Noticed a posting in my Guestbook re the burial at sea of Maria Jane TRUDGEON, formerly PRYOR, nee DAWE, which made me realise I'd not checked for births in the family of her daughter Charity (married Albert BARDEN). Bit of a surprise to find 11 children registered in New South Wales.
The DAWE descendant chart has been updated to include these additional children.

Forgot to mention a couple of days ago that the McEWAN chart had been updated after the recent McEWAN activity.

You'll need to select Expand All to get the full chart in this new interactive format.
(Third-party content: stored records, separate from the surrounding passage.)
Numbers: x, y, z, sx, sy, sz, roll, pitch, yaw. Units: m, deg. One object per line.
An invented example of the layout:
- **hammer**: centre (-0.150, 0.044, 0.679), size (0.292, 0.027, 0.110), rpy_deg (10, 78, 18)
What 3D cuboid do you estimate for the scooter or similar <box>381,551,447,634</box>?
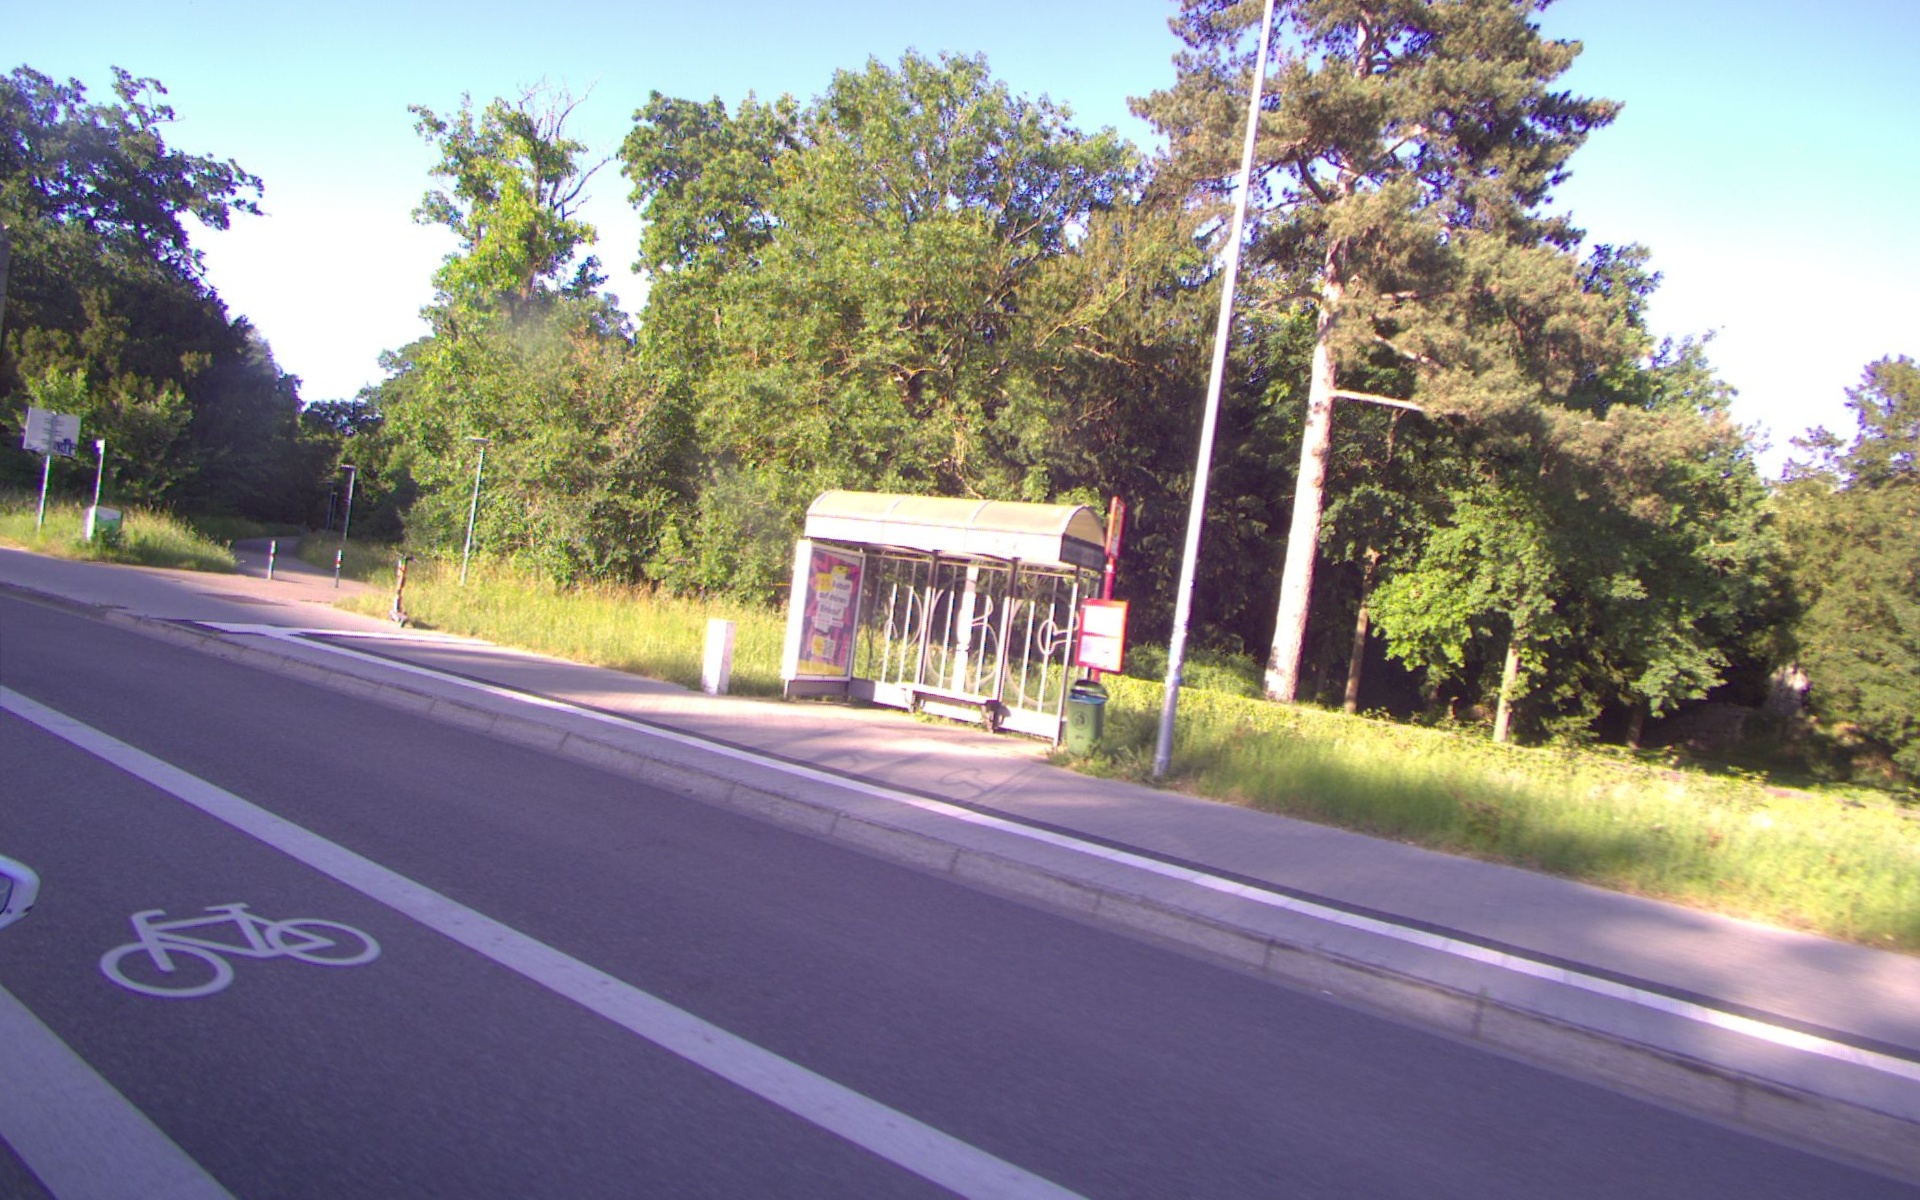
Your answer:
- **scooter or similar**: centre (-9.421, -0.136, 17.331), size (0.718, 1.262, 1.315), rpy_deg (8, 0, -36)
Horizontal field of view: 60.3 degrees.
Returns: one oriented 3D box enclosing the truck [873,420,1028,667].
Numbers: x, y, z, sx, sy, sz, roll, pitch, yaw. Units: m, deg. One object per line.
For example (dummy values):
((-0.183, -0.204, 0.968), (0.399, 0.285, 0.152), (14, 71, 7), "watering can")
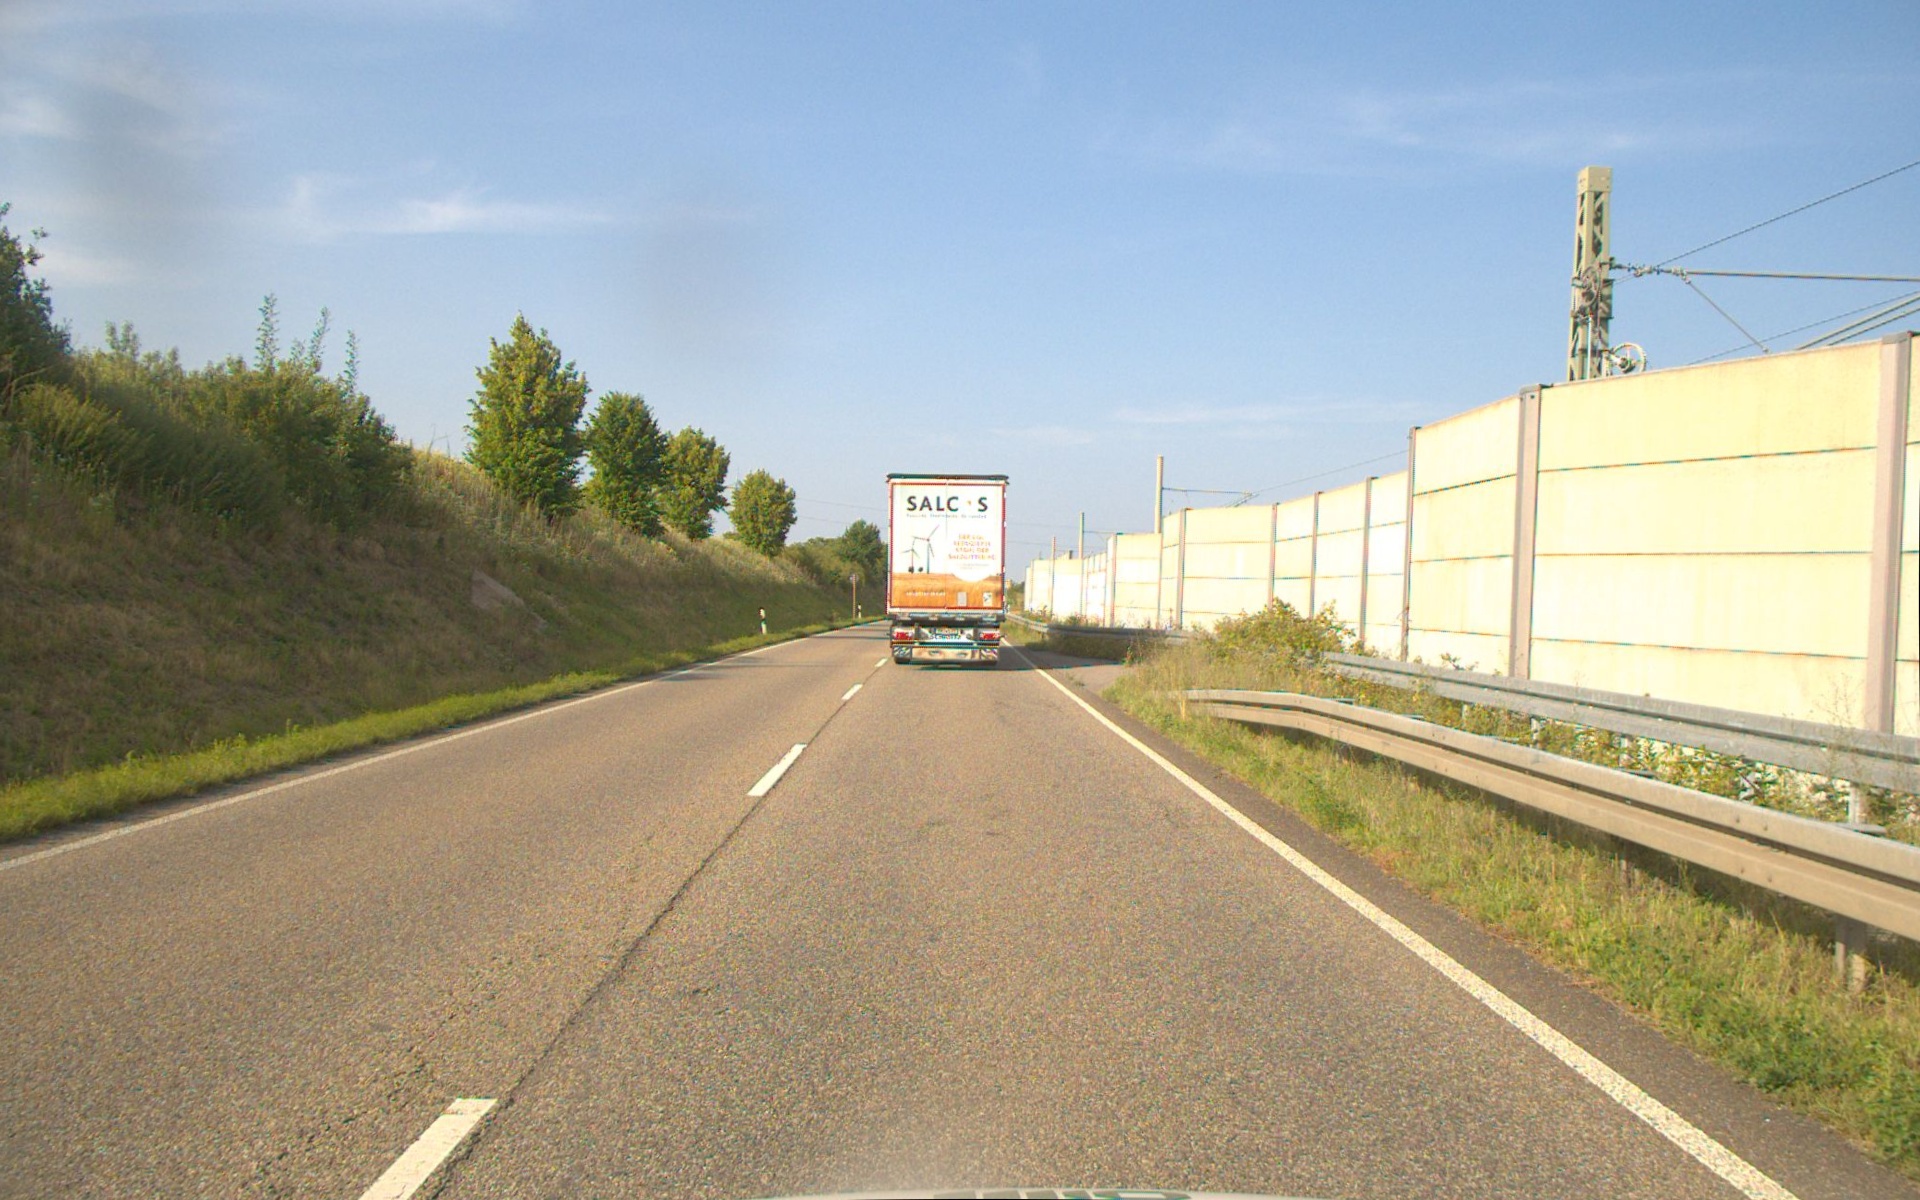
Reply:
((-0.297, -1.227, 40.698), (3.224, 5.179, 12.035), (0, 0, -1), "truck")

After quite a break working on my own extended tree, it's back to FAIRBAIRN DNA, with some new results in (and the desktop not yet fully back in one piece with all the data in place from the backups).

Thursday 26 May 2011

26th: Ross & Cromarty to Winnipeg

Nearly a year on since Ross & Cromarty rose to prominence in my Border SINTONs (see prior post).
This time the activity was prompted by contact from a researcher of the Canadian family of Margaret McRAE & William ROSS. Her research had the exact birthdate for her Margaret as "mine" and wondered if her Canadian family might be a match.
Looks like it to me, not just from the exact birth date, but also from immigration records showing Margaret was from "Ross", when she followed William to Manitoba in 1906, and two of her sisters being known to also have emigrated (1908).
So the family of James & Margaret (WILKIE) SINTON continues to grow and spread.
The grandson of Margaret's she was doing the research for is now in touch, so more updates will no doubt occur.
When Margaret died (in Vancouver), her obituary apparently mentioned she had family in Scotland and Eastern Canada, all yet to be identified, particularly which others of the family emigrated to Canada and stayed in the East.
The SINTON descendant chart is being updated as research progresses (click on the + signs to expand the chart and view John's descendants as I currently believe them to be).

Wednesday 25 May 2011

TURNBULLs to FAMILTON?

Still digging away at verifying the link back from my McEWAN descendant Sarah Margery JOHNSTON who married a George Miles/Myles TURNBULL, back up George's TURNBULLs to, supposedly, John TURNBULL and Bessie FAMILTON, the latter being of Earlston.
Admit I'm having a bit of trouble with the chain of evidence.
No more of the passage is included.